Mia sorella mi prende in giro perché tra le mie passioni (letterarie e cinematografiche) ci sono quelle che lei definisce "storie tristi di persone tristi a cui succedono cose tremende", un genere ampio che comprende film indipendenti americani e, negli ultimi anni, un bel po’ di letteratura scandinava, gialla e non...

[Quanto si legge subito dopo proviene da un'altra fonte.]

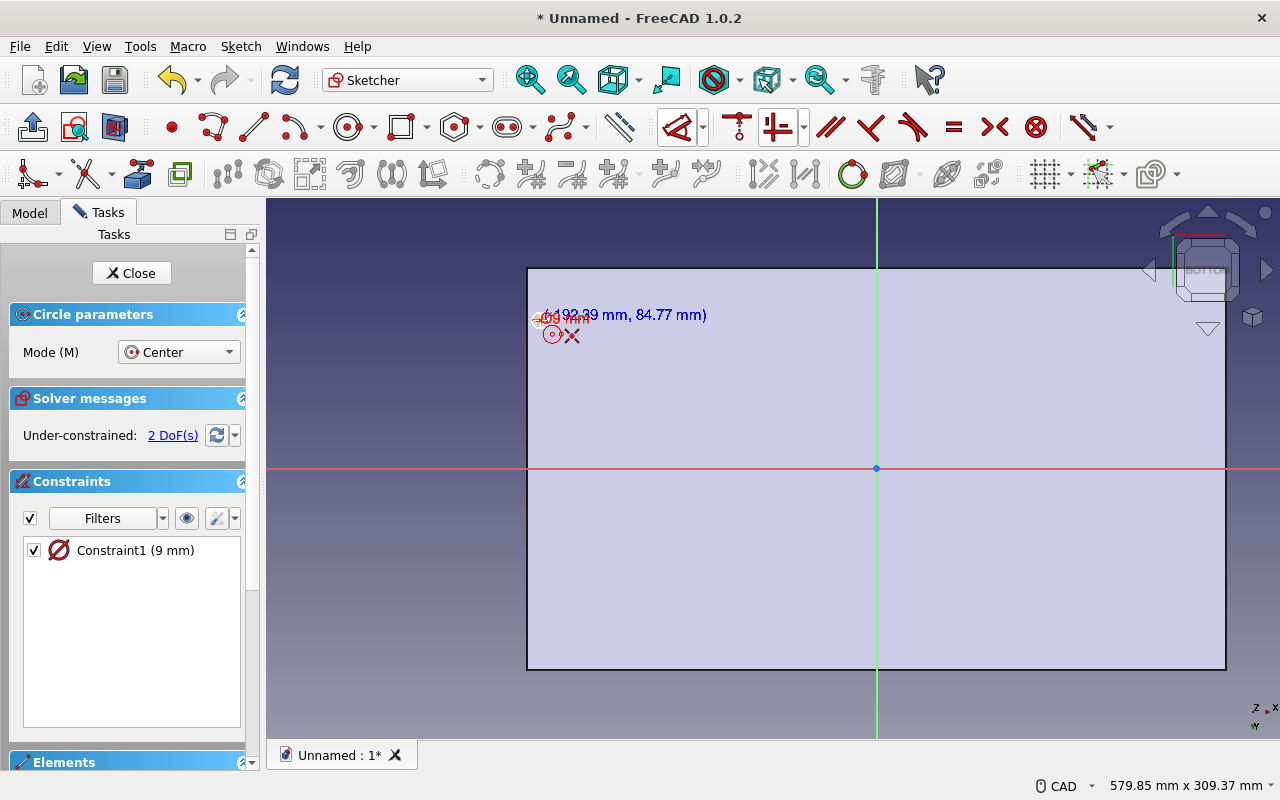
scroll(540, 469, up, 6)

La prendo da lontano, per dire che l’idea di correre una maratona in Norvegia, nel bianco latteo del sole di mezzanotte (io che sono una cinica, al contrario di Laura, alla favoletta del non-tramonto scenografico dietro al runner con sorriso a 32 denti non ci ho mai creduto...), mi sembrava il giusto coronamento di un percorso prima ancora che sportivo culturale, rispetto al quale le sgambate in Islanda della scorsa estate erano state un assaggio capace di stuzzicare l’appetito. Avrei dovuto ricordarmi, però, che per l’appunto i libri e i film che tanto mi piacciono hanno la tendenza a trasmettere un mood un filo cupo (vi ricordate il buon Al Pacino che va fuori di testa in Insomnia?), un mood che, complice qualche fastidio seguito allo sforzo della Cortina-Dobbiaco di inizio giugno e un po’ di stress extra-sportivo, ha cominciato a investire le settimane prima della partenza per Tromso. Io che da mesi avevo tappezzato l’ufficio di mappe e altimetrie, che avevo stonato chiunque con questo viaggio tanto atteso, mi sentivo improvvisamente addosso un senso di insicurezza pazzesco, un’inquietudine che investiva la possibilità stessa di arrivare in fondo... a nulla valevano incoraggiamenti e rassicurazioni che in tanti amici ramarri e non continuavano a farmi... il tarlo era lì e scavava... anche perché né massaggi né antinfiammatori sembravano potere nulla contro quei persistenti dolori ai muscoli della gamba destra...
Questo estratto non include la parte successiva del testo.